_Problem requirements_
Search the entries below for "data" and copy each matching line.

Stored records

********************

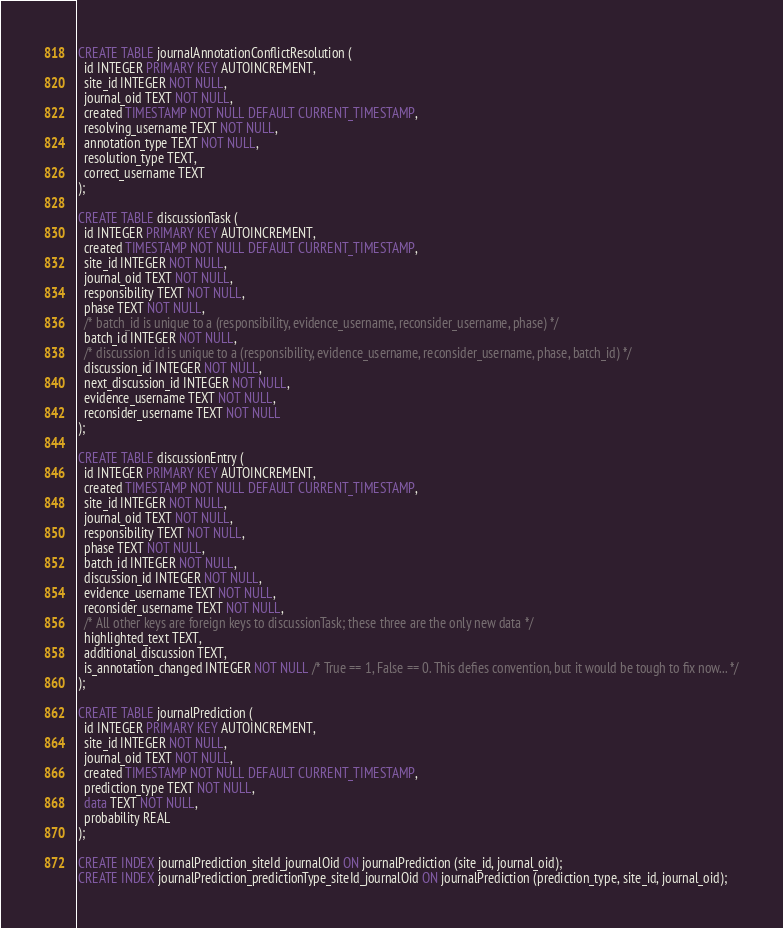Convert code to text. <code><loc_0><loc_0><loc_500><loc_500><_SQL_>
CREATE TABLE journalAnnotationConflictResolution (
  id INTEGER PRIMARY KEY AUTOINCREMENT,
  site_id INTEGER NOT NULL,
  journal_oid TEXT NOT NULL,
  created TIMESTAMP NOT NULL DEFAULT CURRENT_TIMESTAMP,
  resolving_username TEXT NOT NULL,
  annotation_type TEXT NOT NULL,
  resolution_type TEXT,
  correct_username TEXT
);

CREATE TABLE discussionTask (
  id INTEGER PRIMARY KEY AUTOINCREMENT,
  created TIMESTAMP NOT NULL DEFAULT CURRENT_TIMESTAMP,
  site_id INTEGER NOT NULL,
  journal_oid TEXT NOT NULL,
  responsibility TEXT NOT NULL,
  phase TEXT NOT NULL,
  /* batch_id is unique to a (responsibility, evidence_username, reconsider_username, phase) */
  batch_id INTEGER NOT NULL,
  /* discussion_id is unique to a (responsibility, evidence_username, reconsider_username, phase, batch_id) */
  discussion_id INTEGER NOT NULL,
  next_discussion_id INTEGER NOT NULL,
  evidence_username TEXT NOT NULL,
  reconsider_username TEXT NOT NULL
);

CREATE TABLE discussionEntry (
  id INTEGER PRIMARY KEY AUTOINCREMENT,
  created TIMESTAMP NOT NULL DEFAULT CURRENT_TIMESTAMP,
  site_id INTEGER NOT NULL,
  journal_oid TEXT NOT NULL,
  responsibility TEXT NOT NULL,
  phase TEXT NOT NULL,
  batch_id INTEGER NOT NULL,
  discussion_id INTEGER NOT NULL,
  evidence_username TEXT NOT NULL,
  reconsider_username TEXT NOT NULL,
  /* All other keys are foreign keys to discussionTask; these three are the only new data */
  highlighted_text TEXT,
  additional_discussion TEXT,
  is_annotation_changed INTEGER NOT NULL /* True == 1, False == 0. This defies convention, but it would be tough to fix now... */
);

CREATE TABLE journalPrediction (
  id INTEGER PRIMARY KEY AUTOINCREMENT,
  site_id INTEGER NOT NULL,
  journal_oid TEXT NOT NULL,
  created TIMESTAMP NOT NULL DEFAULT CURRENT_TIMESTAMP,
  prediction_type TEXT NOT NULL,
  data TEXT NOT NULL,
  probability REAL
);

CREATE INDEX journalPrediction_siteId_journalOid ON journalPrediction (site_id, journal_oid);
CREATE INDEX journalPrediction_predictionType_siteId_journalOid ON journalPrediction (prediction_type, site_id, journal_oid);

</code>

********************

_Reply to the task_
  /* All other keys are foreign keys to discussionTask; these three are the only new data */
  data TEXT NOT NULL,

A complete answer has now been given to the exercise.